The realistic plan is layered and modest. Search the image surfaces you have, read any hit as a lead rather than a verdict, opt out to shape what future models ingest, and bank the clean recordings that survive every argument about training. Work the four steps in order and keep the paper trail, because a dated record of what was scraped and when is the part that holds up long after a specific test result stops meaning much. What you cannot do today is prove, cleanly and publicly, that a given model learned from your voice, so build around suspicion managed well. For whether you can tell at all, see was my voice used to train AI; for the active-defense pairing, anti-scrape poisoning and opt-out for your voice.

Sources

Shokri, Stronati, Song, Shmatikov (2017). Membership Inference Attacks against Machine Learning Models. IEEE S&P 2017.

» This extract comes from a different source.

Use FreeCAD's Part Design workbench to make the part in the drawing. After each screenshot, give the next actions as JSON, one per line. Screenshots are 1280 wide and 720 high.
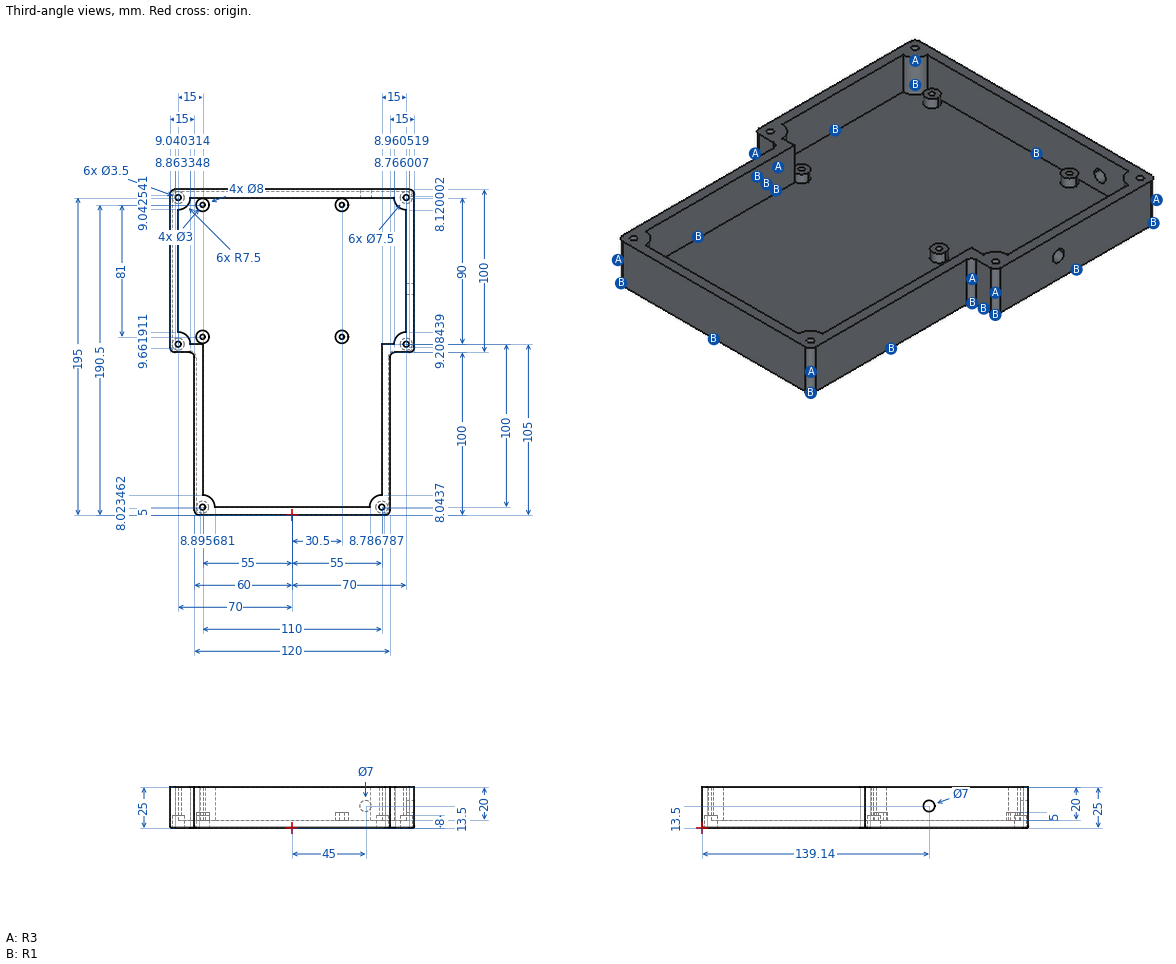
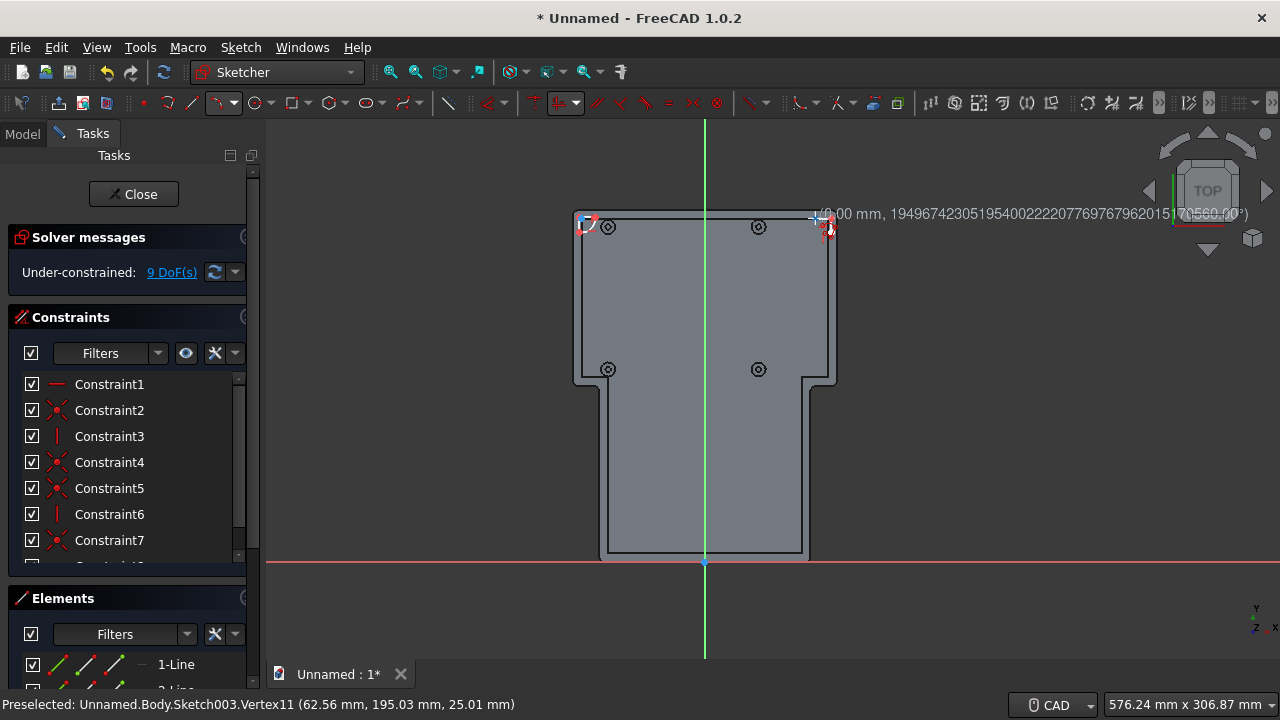
{"action": "left_click", "coordinate": [218, 104]}
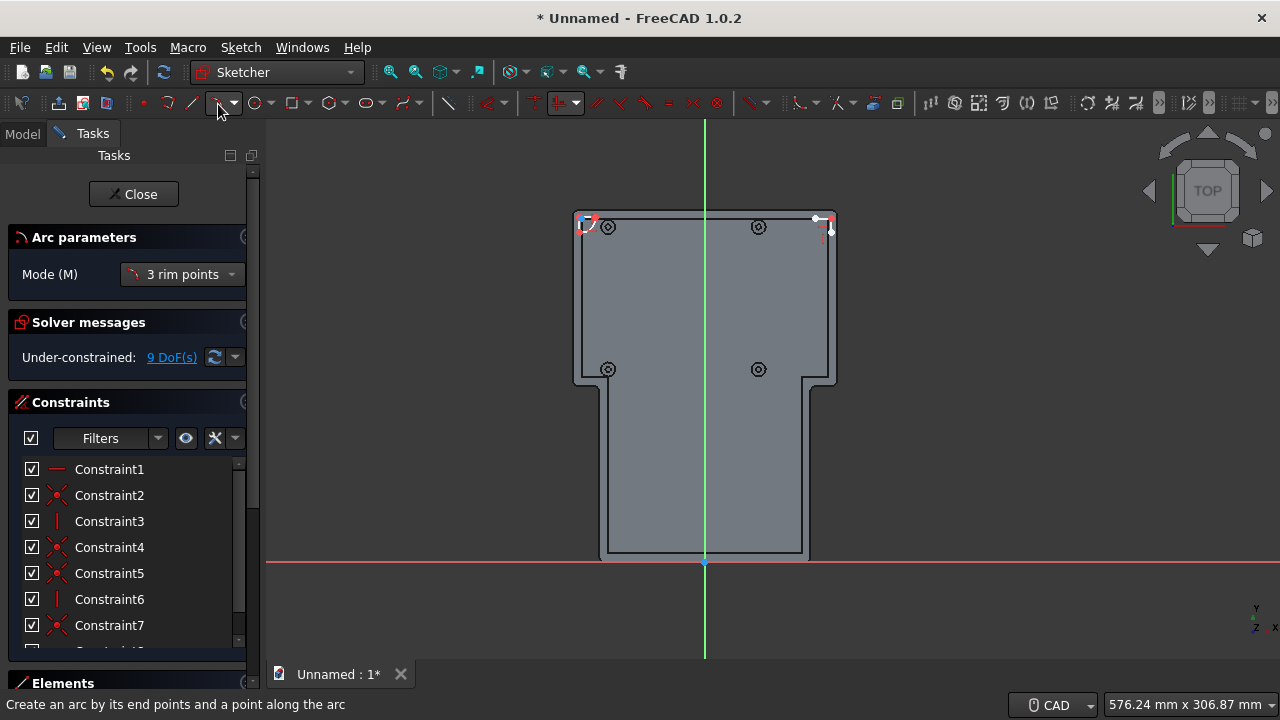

Tsaprazlis, Lertpetchpun, Feng, Karimireddy, Narayanan (2026). VoxGuard: Evaluating User and Attribute Privacy in Speech via Membership Inference Attacks. ICASSP 2026.
Zhang, Das, Kamath, Tramèr (2025). Membership Inference Attacks Cannot Prove that a Model Was Trained On Your Data. IEEE SaTML 2025.
Shan, Ding, Passananti, Wu, Zheng, Zhao (2024). Nightshade: Prompt-Specific Poisoning Attacks on Text-to-Image Generative Models. IEEE S&P 2024.
Yu, Zhai, Zhang (2023). AntiFake: Using Adversarial Audio to Prevent Unauthorized Speech Synthesis. ACM CCS 2023.
Fan, Chen, Liu, Zhang, Yu (2025). De-AntiFake: Rethinking the Protective Perturbations Against Voice Cloning Attacks. ICML 2025.